Because of the potential burden on authoritative top-level domain servers, some DNS servers in the hierarchy maintain caches of all DNS records that they have resolved for a period of time.
These caching DNS servers can resolve recursive queries without forwarding the queries to higher-level servers. If a server requires data for a zone, it will request a transfer of that data from an authoritative server for that zone. The process of transferring blocks of DNS data between servers is known as a zone transfer.
DNS Message Format
The DNS server stores different types of RRs used to resolve names. These records contain the name, address, and type of record. Here is a list of some of these record types:
- A – An end device IPv4 address
- NS – An authoritative name server
- AAAA – An end device IPv6 address (pronounced quad-A)
- MX – A mail exchange record
When a client makes a query, the server’s DNS process first looks at its own records to resolve the name. If it is unable to resolve the name using its stored records, it contacts other servers to resolve the name.
After a match is found and returned to the original requesting server, the server temporarily stores the numbered address in the event that the same name is requested again.

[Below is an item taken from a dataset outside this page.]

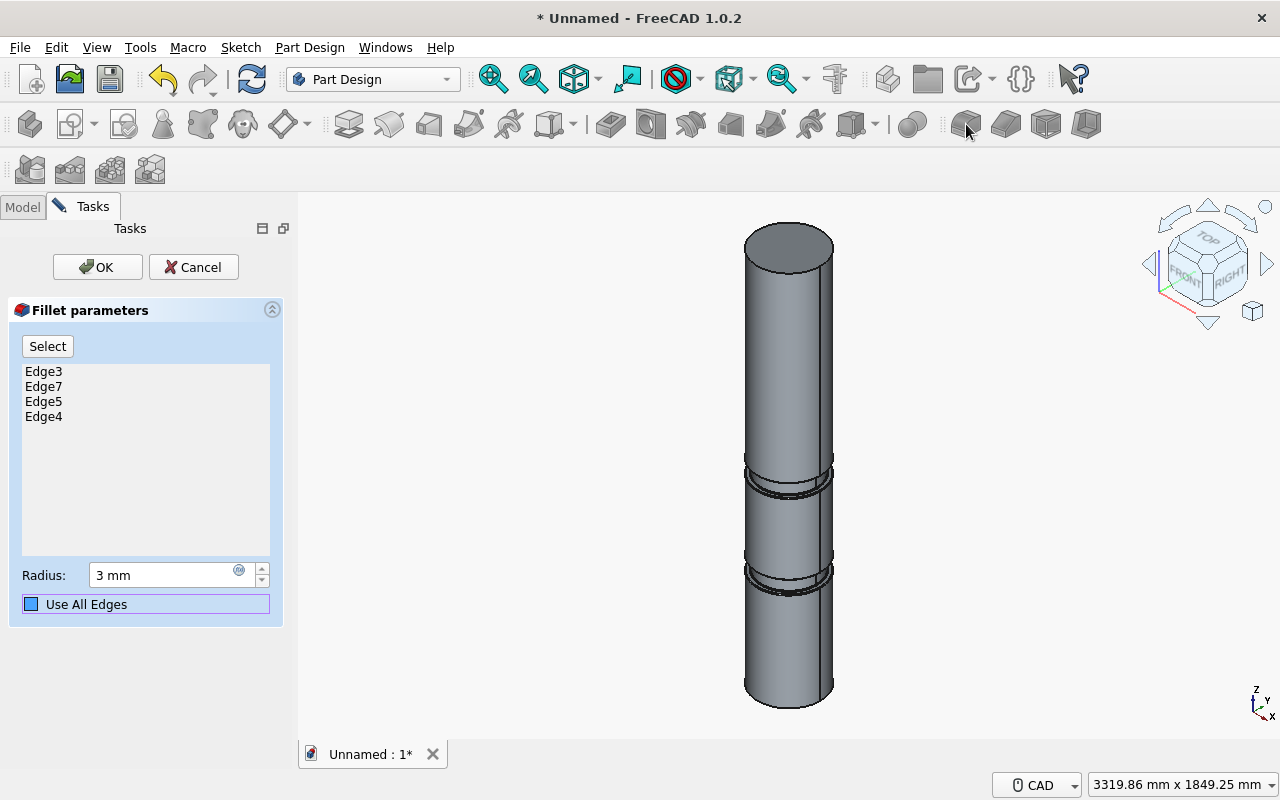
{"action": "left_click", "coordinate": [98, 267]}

DNS message section | Description |
---|---|
Question | The question for the server. It contains the domain name to be resolved, the class of domain, and the query type. |
Answer | The DNS resource record, or RR, for the query including the resolved IP address depending on the RR type. |
Authority | Contains the RRs for the domain authority. |
Additional | Relevant to query responses only. Consists of RRs that hold additional information that will make query resolution more efficient |
Dynamic DNS
DNS requires registrars to accept and distribute DNS mappings from organizations that wish to register domain names and IP address mappings. After the initial mapping has been created, a process that can take 24 hours or more, changes to the IP address that is mapped to the domain name can be made by contacting the registrar or using an online form to make the change.
However, because of the time it takes for this process to occur and the new mapping to be distributed in the domain name system, the change can take hours before the new mapping is available to resolvers.
In situations in which an ISP is using DHCP to provide addresses to a domain, it is possible that the address that is mapped to the domain could expire and a new address be granted by the ISP. This would result in a disruption of connectivity to the domain through DNS. A new approach was necessary to allow organizations to make fast changes to the IP address that is mapped to a domain.
When a change is detected, the DDNS provider is immediately informed of the change and the mapping between the user’s subdomain and the internet IP address is immediately updated, as shown in the figure. DDNS does not use a true DNS entry for a user’s IP address. Instead, it acts as an intermediary.
The DDNS provider’s domain is registered with the DNS, but the subdomain is mapped to a totally different IP address. The DDNS provider service supplies that IP address to the resolver’s second-level DNS server. That DNS server, either at the organization or ISP, provides the DDNS IP address to the resolver.
Dynamic DNS can be abused by threat actors in various ways. Free DDNS services are especially useful to threat actors. DDNS can be used to facilitate the rapid change of IP address for malware command-and-control servers after the current IP address has become widely blocked. In this way, the malware can be coded with a URL rather than a static IP address.
DDNS can also be used as a way to exfiltrate data from inside a network because DNS traffic is very common and is frequently considered to be benign. DDNS itself is not malignant, however monitoring DNS traffic that is going to known DDNS services, especially free ones, is very useful for the detection of exploits.